Two-sample test for multivariate normal distributions under the assumption that means are the same Let $\{x_i\}_{i=1}^n$ be a sample from a multivariate Gaussian distribution ${\cal N}(0, \Sigma_X)$ and $\{y_i\}_{i=1}^m$ be a sample from ${\cal N}(0, \Sigma_Y)$.
Are there hypothesis tests for $\Sigma_X = \Sigma_Y$? Pointers to relevant literature would be very appreciated.
 A: The Mauchly's test allows to test if a given covariance matrix is proportional to a reference (identity or other) and is available through mauchly.test() under R. It is mostly used in repeated-measures design (to test (1) if the dependent variable VC matrices are equal or homogeneous, and (2) whether the correlations between the levels of the within-subjects variable are comparable--altogether, this is known as the sphericity assumption).
Box’s M statistic is used (in MANOVA or LDA) to test for homogeneity of covariance matrices, but as it is very sensitive to normality it will often reject the null (R code not available in standard packages).

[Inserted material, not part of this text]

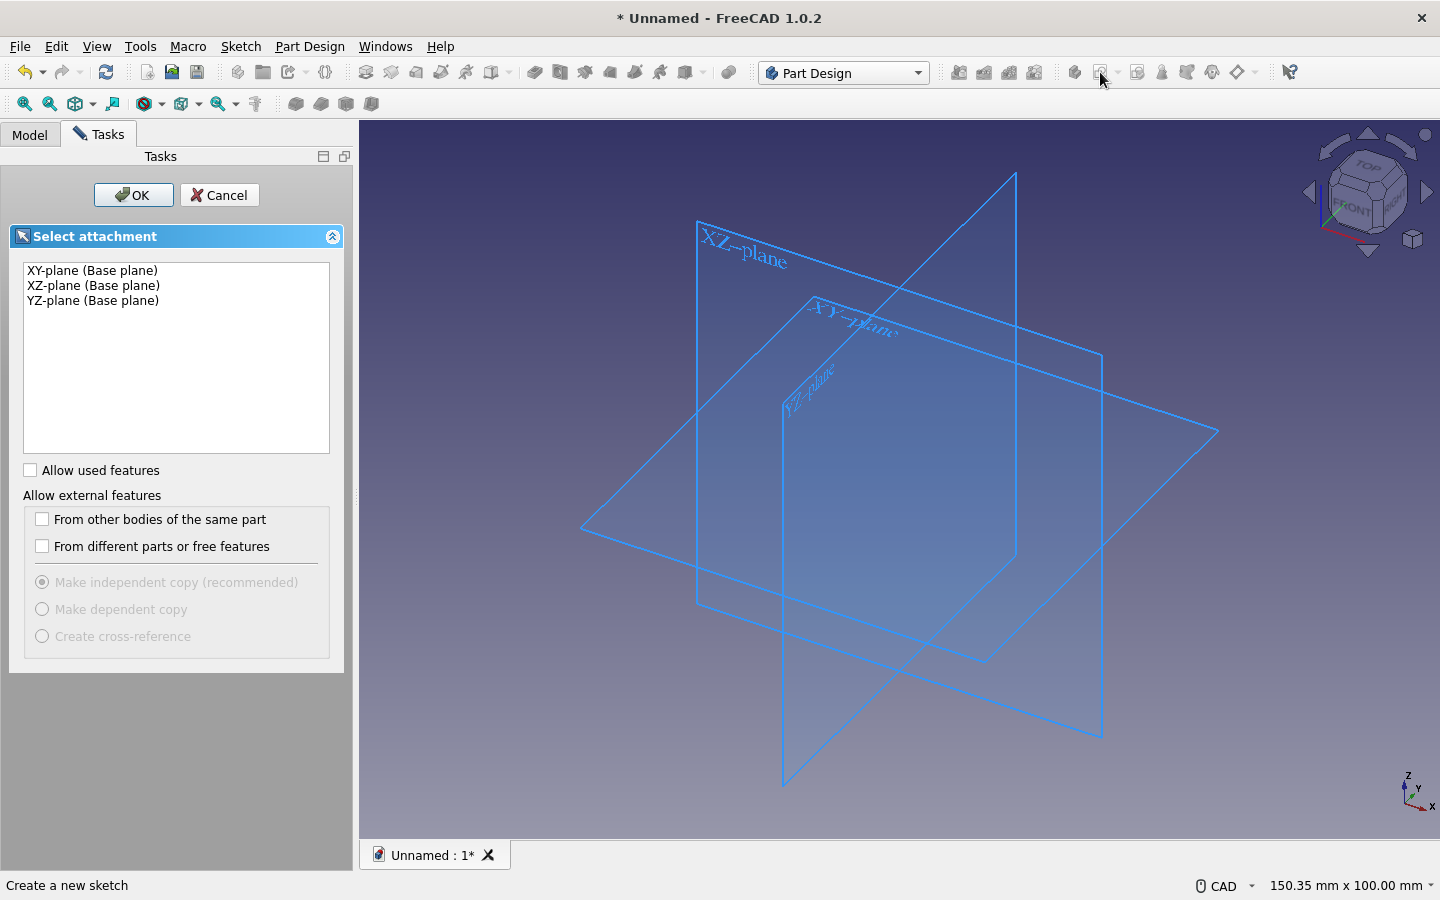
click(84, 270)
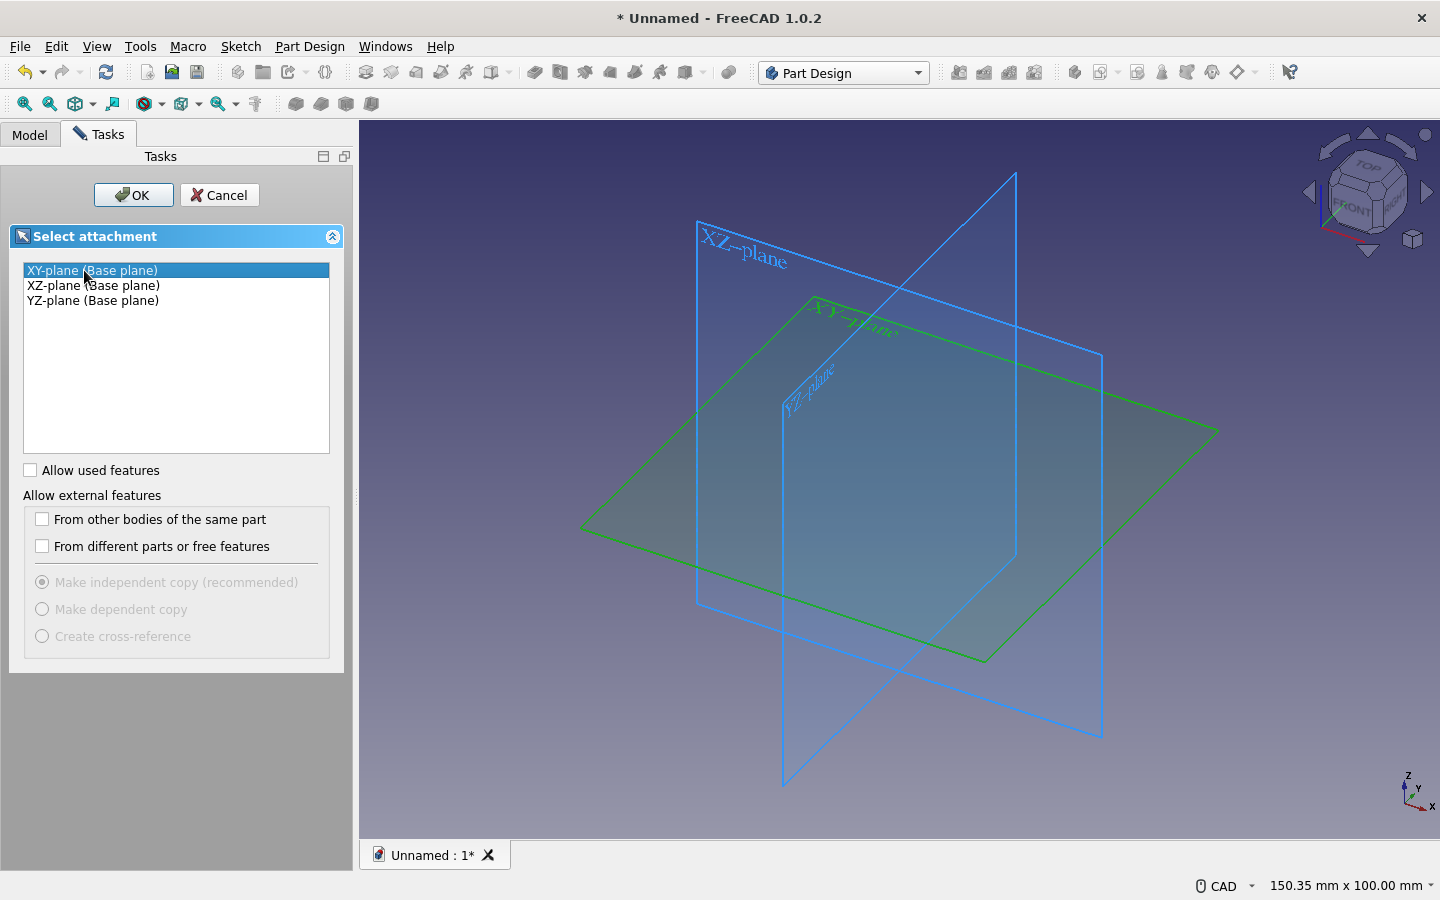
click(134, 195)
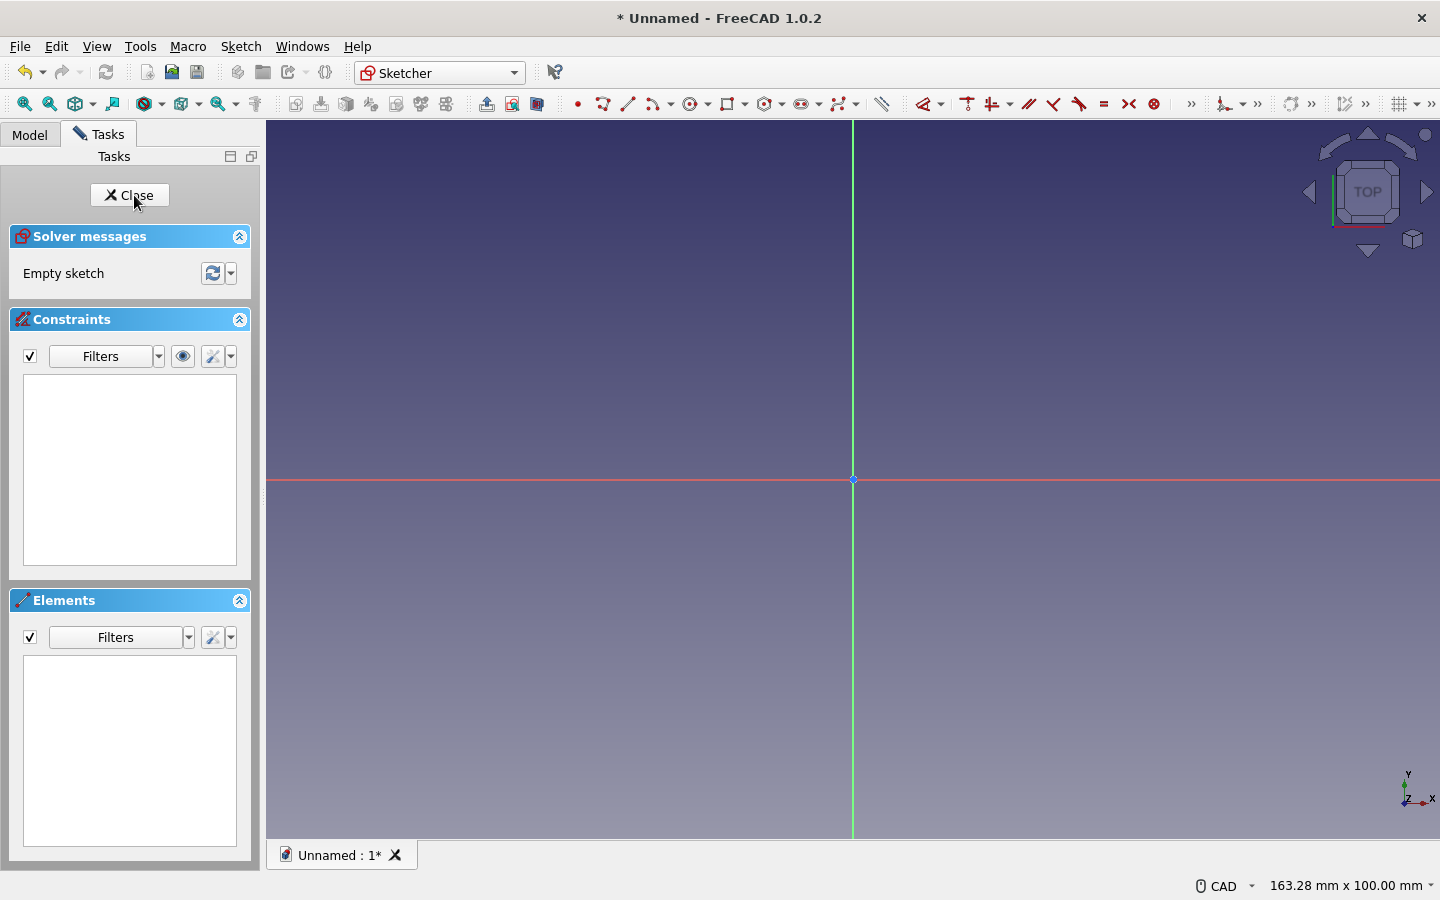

Covariance structure models as found in Structural Equation Modeling are also an option for more complex stuff (although in multigroup analysis testing for the equality of covariances makes little sense if the variances are not equal), but I have no references to offer actually.
I guess any textbook on multivariate data analysis would have additional details on these procedures. I also found this article for the case where normality assumption is not met:

Aslam, S and Rocke, DM. A robust
  testing procedure for the equality of
  covariance matrices, Computational
  Statistics & Data Analysis 49 (2005)
  863-874